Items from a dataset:

###

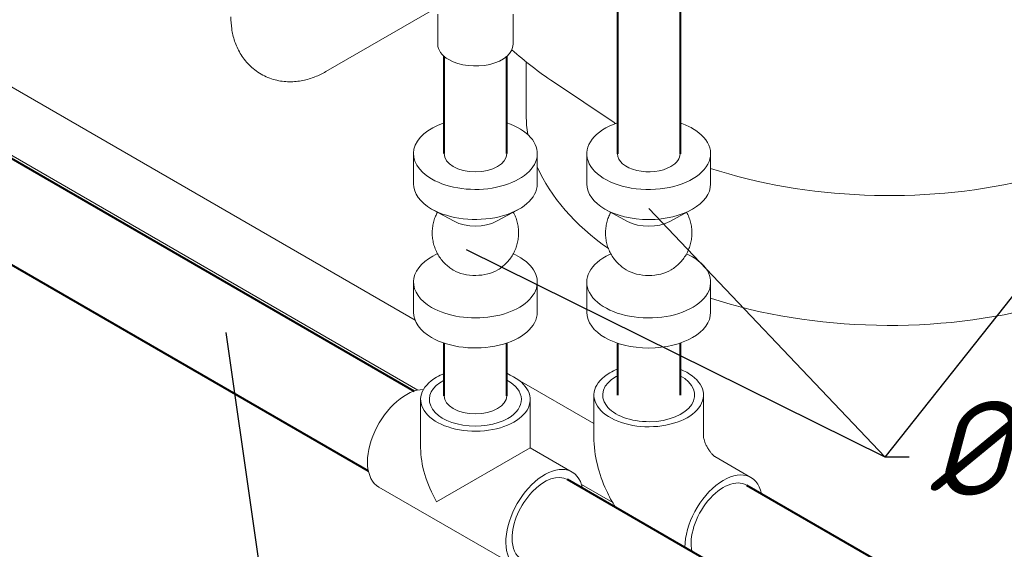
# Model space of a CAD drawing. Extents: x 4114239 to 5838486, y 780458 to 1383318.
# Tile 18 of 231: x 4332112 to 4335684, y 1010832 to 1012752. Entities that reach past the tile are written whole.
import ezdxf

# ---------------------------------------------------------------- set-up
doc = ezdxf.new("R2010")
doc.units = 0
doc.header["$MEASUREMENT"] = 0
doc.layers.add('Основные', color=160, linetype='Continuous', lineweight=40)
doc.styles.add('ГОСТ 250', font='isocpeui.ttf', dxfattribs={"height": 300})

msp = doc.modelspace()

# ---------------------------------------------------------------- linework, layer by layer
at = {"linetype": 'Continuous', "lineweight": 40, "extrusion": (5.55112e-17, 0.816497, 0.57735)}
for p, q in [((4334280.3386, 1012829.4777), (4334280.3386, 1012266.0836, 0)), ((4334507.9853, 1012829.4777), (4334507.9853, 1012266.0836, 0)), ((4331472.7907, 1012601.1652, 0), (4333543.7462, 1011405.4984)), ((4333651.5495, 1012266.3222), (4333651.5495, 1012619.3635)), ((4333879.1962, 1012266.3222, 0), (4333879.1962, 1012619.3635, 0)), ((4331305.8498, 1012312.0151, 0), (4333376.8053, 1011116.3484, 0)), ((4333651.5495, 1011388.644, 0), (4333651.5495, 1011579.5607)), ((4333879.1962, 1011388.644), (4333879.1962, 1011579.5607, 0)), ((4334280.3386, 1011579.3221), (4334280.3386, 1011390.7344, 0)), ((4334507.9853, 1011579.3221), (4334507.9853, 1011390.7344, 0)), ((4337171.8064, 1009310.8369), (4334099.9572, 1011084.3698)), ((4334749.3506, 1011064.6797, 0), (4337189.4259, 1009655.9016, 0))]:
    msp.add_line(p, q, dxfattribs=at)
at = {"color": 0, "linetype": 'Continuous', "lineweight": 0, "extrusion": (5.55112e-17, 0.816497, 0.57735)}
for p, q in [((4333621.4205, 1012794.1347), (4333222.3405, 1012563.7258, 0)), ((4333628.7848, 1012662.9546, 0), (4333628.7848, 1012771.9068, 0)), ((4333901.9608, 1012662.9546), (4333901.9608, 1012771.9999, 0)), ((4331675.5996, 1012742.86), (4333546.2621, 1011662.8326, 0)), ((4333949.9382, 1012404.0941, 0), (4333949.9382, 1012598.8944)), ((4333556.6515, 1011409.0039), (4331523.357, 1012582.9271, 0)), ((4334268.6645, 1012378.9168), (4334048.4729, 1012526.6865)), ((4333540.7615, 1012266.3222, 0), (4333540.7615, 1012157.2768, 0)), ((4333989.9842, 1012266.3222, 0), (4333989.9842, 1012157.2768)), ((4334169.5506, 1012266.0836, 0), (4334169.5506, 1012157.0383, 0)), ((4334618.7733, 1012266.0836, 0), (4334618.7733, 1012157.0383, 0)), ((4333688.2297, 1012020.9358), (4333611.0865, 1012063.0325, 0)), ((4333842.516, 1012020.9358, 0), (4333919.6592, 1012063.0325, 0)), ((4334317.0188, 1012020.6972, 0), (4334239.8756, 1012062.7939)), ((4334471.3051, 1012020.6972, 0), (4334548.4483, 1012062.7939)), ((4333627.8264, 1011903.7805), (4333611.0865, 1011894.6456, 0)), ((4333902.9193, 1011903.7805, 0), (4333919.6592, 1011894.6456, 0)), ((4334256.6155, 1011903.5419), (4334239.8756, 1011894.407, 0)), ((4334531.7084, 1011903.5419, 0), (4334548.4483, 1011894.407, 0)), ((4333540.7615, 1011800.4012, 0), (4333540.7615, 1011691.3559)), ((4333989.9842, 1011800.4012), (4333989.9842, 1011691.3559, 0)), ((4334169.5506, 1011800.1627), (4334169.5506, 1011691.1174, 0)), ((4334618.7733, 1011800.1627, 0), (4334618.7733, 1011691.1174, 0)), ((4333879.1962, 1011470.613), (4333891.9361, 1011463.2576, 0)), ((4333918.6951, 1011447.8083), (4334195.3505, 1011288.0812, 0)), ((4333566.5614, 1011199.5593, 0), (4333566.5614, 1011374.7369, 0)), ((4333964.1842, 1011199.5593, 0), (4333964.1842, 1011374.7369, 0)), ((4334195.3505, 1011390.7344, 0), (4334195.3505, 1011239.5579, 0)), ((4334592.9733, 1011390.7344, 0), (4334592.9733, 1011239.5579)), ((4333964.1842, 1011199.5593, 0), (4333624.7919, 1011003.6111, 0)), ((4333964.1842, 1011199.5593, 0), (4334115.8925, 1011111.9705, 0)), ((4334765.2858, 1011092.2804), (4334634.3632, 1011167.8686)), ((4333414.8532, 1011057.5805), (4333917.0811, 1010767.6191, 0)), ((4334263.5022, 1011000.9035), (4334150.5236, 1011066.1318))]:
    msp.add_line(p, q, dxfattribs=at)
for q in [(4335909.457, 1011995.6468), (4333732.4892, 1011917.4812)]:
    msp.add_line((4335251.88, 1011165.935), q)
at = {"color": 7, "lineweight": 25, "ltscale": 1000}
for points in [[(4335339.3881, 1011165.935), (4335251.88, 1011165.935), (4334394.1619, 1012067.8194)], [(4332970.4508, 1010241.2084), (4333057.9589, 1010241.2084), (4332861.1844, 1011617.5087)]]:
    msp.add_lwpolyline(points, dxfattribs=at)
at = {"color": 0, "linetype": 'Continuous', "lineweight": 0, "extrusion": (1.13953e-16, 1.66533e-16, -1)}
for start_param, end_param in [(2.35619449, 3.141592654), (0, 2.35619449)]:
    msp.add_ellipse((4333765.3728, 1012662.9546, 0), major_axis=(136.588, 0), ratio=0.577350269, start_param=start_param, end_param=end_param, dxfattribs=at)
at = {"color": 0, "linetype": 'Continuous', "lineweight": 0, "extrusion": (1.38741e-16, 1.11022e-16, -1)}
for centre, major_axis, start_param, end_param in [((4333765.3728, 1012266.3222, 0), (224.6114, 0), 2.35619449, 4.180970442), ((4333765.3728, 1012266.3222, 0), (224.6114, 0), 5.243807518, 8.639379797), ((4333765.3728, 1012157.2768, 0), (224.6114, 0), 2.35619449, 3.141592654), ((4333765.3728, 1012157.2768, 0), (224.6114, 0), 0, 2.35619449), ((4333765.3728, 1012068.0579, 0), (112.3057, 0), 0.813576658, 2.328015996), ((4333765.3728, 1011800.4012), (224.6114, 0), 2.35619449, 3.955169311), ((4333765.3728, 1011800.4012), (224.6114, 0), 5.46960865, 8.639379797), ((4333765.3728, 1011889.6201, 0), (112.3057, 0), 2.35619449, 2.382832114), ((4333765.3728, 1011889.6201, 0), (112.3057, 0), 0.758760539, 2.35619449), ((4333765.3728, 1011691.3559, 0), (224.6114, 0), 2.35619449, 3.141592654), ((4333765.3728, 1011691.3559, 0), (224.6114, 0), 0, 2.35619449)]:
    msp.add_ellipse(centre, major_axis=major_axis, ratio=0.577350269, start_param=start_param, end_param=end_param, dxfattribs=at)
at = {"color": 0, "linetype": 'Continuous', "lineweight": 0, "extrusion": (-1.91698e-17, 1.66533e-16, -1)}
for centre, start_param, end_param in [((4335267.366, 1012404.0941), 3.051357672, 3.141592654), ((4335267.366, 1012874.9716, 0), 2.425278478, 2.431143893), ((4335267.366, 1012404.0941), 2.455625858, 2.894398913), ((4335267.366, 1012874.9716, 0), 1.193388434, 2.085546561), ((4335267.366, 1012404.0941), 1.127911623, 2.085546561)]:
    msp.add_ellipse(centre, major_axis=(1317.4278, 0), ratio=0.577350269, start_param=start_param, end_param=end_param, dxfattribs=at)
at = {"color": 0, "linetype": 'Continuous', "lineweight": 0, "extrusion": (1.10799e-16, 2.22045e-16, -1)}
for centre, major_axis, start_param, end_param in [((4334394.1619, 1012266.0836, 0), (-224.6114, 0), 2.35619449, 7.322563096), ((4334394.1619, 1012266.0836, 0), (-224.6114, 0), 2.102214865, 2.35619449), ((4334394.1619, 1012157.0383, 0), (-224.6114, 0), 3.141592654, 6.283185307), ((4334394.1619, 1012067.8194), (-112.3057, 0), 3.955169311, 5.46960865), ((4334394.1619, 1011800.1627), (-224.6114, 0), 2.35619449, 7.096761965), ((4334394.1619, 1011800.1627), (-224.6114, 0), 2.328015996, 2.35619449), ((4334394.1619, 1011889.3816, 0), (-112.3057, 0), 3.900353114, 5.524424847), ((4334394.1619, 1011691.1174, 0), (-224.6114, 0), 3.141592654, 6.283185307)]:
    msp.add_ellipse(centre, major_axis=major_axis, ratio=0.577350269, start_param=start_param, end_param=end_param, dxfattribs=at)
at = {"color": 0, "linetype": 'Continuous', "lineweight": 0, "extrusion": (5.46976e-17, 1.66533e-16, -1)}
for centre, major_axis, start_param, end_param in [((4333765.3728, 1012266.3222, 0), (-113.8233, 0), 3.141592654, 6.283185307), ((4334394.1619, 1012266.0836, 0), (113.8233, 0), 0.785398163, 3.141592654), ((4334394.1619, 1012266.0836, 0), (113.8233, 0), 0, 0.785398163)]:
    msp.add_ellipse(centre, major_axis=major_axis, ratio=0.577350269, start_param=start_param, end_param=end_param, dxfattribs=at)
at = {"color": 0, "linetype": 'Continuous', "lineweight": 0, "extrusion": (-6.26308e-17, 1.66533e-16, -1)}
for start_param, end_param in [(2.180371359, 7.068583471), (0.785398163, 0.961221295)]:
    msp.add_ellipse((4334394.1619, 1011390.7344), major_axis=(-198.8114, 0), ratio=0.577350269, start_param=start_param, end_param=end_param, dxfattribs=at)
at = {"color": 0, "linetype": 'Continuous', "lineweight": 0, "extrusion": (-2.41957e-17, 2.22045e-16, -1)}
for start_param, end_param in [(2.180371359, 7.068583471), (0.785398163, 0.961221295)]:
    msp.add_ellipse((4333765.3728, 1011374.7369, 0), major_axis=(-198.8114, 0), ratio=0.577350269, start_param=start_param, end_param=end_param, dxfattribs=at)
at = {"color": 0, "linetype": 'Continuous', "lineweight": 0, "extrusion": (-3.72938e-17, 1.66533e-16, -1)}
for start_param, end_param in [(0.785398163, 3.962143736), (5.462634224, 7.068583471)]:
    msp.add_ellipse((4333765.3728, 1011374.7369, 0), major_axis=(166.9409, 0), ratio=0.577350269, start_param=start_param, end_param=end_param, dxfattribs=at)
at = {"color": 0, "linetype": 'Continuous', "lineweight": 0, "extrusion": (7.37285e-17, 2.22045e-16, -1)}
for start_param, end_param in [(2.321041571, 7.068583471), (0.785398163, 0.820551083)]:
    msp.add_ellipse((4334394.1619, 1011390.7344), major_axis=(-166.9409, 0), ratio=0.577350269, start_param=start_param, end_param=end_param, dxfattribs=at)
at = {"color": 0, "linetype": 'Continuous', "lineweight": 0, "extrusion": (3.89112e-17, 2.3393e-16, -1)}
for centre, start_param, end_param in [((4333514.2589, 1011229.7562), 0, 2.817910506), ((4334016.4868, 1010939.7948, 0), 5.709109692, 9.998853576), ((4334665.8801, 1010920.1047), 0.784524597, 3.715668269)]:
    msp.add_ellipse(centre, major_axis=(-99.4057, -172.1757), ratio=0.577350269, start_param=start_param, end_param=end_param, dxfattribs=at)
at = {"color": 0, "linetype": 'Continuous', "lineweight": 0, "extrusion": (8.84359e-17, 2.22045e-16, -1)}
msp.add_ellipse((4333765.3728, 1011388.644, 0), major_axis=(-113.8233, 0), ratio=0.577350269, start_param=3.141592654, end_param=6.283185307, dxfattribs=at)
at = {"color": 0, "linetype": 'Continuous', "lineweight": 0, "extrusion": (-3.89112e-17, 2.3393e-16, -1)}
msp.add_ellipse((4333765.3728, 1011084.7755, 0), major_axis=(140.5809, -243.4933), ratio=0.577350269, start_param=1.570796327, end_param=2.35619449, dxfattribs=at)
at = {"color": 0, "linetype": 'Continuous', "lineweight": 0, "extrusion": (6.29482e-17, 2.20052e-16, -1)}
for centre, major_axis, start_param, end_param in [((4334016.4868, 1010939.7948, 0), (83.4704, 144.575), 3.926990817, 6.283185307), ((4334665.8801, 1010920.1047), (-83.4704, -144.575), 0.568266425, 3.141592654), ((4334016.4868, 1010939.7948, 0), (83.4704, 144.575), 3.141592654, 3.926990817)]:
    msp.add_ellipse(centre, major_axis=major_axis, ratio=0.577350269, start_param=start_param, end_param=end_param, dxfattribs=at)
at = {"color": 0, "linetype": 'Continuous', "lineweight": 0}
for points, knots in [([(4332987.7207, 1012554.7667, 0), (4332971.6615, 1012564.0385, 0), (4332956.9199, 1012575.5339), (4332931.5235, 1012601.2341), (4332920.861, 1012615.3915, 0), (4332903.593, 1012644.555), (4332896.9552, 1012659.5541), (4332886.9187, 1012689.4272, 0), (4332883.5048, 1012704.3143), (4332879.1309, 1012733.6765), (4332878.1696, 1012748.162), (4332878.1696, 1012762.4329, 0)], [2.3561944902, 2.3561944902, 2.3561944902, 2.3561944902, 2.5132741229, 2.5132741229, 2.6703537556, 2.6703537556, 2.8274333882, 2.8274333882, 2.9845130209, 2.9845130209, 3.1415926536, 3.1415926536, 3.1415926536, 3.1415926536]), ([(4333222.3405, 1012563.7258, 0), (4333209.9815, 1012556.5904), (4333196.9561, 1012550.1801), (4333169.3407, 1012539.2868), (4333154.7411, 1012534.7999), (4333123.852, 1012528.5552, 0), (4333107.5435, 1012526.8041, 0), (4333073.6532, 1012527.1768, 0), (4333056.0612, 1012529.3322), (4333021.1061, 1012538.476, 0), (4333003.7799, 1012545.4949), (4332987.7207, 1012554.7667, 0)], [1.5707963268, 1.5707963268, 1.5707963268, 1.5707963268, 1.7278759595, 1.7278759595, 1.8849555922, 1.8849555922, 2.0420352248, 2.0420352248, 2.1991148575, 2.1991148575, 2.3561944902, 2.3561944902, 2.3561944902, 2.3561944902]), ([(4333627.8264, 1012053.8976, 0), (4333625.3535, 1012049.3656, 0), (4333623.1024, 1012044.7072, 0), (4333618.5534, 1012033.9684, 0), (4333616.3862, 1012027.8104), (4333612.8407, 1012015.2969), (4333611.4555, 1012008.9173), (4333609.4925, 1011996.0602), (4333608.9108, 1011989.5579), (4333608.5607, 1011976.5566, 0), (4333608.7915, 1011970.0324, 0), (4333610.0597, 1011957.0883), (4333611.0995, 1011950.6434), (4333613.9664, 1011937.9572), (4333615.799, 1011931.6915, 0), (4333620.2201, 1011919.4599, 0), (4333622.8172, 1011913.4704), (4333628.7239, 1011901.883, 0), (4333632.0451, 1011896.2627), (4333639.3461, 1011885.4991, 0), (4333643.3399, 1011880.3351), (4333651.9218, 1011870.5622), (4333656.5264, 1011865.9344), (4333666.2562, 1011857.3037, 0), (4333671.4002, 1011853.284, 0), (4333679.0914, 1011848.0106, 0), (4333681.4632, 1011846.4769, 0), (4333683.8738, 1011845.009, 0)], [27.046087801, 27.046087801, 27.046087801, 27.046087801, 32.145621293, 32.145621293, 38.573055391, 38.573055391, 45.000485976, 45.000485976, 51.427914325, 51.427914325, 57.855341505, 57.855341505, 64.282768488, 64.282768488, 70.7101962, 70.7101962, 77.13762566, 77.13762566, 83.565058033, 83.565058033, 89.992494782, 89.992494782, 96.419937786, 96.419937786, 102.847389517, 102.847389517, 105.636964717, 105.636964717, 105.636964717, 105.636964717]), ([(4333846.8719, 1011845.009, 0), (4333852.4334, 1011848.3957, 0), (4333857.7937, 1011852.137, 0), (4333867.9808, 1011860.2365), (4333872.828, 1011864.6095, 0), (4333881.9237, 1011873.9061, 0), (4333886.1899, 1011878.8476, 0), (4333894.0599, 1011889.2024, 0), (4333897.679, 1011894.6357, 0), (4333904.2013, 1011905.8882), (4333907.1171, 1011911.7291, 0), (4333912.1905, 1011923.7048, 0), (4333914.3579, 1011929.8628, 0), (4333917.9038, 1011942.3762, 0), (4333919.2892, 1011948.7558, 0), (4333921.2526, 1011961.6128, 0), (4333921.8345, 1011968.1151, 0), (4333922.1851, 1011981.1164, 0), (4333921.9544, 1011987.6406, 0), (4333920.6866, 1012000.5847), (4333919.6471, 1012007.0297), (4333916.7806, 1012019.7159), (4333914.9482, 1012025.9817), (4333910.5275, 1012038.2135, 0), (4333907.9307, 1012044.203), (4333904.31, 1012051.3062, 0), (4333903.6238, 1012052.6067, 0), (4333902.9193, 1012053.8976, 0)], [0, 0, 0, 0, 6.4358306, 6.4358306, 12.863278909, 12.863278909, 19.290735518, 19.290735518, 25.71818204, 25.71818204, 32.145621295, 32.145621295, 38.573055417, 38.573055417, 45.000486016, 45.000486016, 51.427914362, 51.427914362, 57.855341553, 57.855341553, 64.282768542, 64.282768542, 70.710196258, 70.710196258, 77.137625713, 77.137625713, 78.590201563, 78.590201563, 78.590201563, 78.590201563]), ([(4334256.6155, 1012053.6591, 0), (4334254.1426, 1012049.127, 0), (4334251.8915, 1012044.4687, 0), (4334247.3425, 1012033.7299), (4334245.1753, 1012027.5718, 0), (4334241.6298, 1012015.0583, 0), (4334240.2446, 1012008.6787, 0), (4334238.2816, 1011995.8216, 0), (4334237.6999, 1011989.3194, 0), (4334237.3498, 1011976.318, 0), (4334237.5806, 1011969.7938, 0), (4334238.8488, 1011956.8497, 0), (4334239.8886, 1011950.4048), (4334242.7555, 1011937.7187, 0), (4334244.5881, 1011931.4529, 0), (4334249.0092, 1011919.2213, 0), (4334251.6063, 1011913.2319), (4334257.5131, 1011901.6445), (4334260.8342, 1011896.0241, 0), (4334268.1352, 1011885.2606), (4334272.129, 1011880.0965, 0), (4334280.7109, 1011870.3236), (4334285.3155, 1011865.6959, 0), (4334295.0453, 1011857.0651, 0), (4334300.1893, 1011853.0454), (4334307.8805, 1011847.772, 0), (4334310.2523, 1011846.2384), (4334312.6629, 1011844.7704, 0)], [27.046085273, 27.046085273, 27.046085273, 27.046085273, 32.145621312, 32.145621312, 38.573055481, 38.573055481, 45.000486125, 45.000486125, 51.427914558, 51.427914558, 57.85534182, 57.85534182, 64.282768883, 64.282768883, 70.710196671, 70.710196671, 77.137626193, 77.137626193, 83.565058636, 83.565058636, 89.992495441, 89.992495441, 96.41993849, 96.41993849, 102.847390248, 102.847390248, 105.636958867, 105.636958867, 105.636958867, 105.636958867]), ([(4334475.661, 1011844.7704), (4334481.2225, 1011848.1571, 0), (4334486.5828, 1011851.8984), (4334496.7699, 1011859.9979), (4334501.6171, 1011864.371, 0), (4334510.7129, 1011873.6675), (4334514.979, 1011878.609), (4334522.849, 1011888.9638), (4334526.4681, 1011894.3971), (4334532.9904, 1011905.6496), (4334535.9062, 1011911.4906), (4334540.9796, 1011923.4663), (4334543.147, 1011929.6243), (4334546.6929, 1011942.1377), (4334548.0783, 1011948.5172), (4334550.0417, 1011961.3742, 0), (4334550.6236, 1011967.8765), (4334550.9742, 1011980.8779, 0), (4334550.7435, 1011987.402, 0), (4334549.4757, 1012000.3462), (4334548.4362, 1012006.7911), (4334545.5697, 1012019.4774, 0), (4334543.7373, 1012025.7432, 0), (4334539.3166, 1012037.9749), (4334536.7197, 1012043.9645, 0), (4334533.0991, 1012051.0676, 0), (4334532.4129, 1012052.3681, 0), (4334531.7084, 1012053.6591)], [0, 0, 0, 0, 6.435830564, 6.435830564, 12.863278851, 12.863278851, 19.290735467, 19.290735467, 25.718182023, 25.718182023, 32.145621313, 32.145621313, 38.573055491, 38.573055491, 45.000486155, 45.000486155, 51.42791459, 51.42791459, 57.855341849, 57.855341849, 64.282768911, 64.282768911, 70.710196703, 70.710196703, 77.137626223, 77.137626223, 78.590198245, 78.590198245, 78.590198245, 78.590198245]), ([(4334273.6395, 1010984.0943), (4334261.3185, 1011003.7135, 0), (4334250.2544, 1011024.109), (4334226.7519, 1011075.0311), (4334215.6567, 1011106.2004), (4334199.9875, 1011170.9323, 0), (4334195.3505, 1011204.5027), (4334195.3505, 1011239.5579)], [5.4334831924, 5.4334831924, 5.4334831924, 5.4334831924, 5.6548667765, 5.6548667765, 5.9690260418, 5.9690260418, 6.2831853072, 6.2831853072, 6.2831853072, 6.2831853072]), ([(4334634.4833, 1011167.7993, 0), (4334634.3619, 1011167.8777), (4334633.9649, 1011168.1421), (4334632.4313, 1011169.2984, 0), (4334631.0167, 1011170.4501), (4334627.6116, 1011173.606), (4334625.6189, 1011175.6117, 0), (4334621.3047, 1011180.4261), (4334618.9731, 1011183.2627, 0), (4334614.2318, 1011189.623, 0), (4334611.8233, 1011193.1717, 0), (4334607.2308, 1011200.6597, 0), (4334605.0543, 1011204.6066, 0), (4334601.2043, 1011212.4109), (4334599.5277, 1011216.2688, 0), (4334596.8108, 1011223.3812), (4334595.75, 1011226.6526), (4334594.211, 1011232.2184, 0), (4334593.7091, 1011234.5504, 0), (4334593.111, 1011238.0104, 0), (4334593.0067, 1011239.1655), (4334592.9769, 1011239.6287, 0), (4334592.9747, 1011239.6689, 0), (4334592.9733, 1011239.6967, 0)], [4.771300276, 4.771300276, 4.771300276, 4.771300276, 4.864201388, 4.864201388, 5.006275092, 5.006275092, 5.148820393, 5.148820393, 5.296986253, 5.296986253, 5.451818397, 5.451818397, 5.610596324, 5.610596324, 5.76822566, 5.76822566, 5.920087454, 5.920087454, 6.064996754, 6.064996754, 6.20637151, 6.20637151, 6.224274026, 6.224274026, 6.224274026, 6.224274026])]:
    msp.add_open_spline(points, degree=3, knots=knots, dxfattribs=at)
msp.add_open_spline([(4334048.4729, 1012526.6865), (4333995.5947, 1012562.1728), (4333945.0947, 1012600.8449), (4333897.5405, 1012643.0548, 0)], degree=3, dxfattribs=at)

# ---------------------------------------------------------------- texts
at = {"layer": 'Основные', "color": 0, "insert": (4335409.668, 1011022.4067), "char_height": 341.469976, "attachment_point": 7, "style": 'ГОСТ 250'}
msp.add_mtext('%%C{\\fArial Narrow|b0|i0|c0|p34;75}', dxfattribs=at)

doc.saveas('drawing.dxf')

###

> [Exercise details]: Report how many lines of the preceding records include "degree". Output the number only.

> [Answer for this exercise]: 2